- **What you will do**: What lines of the data below hold the string "object"? Copy each one out.

%%

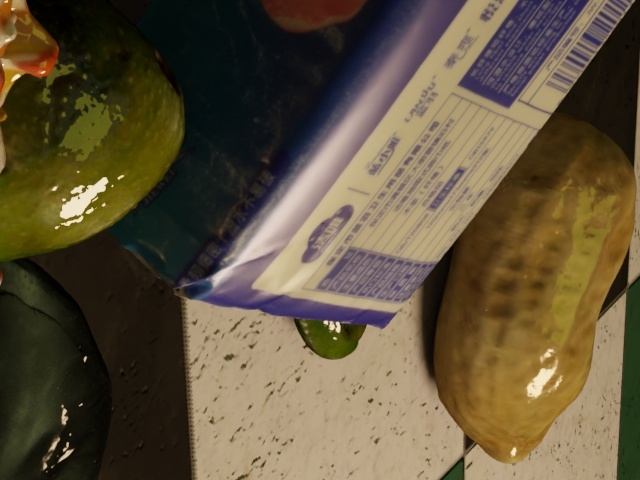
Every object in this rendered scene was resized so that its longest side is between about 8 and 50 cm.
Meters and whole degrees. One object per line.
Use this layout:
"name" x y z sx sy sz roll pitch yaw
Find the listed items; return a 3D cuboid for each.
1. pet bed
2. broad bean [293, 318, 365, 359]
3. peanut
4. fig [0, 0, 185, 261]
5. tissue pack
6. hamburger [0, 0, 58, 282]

%%

- **Worked solution**:
Every object in this rendered scene was resized so that its longest side is between about 8 and 50 cm.
Meters and whole degrees. One object per line.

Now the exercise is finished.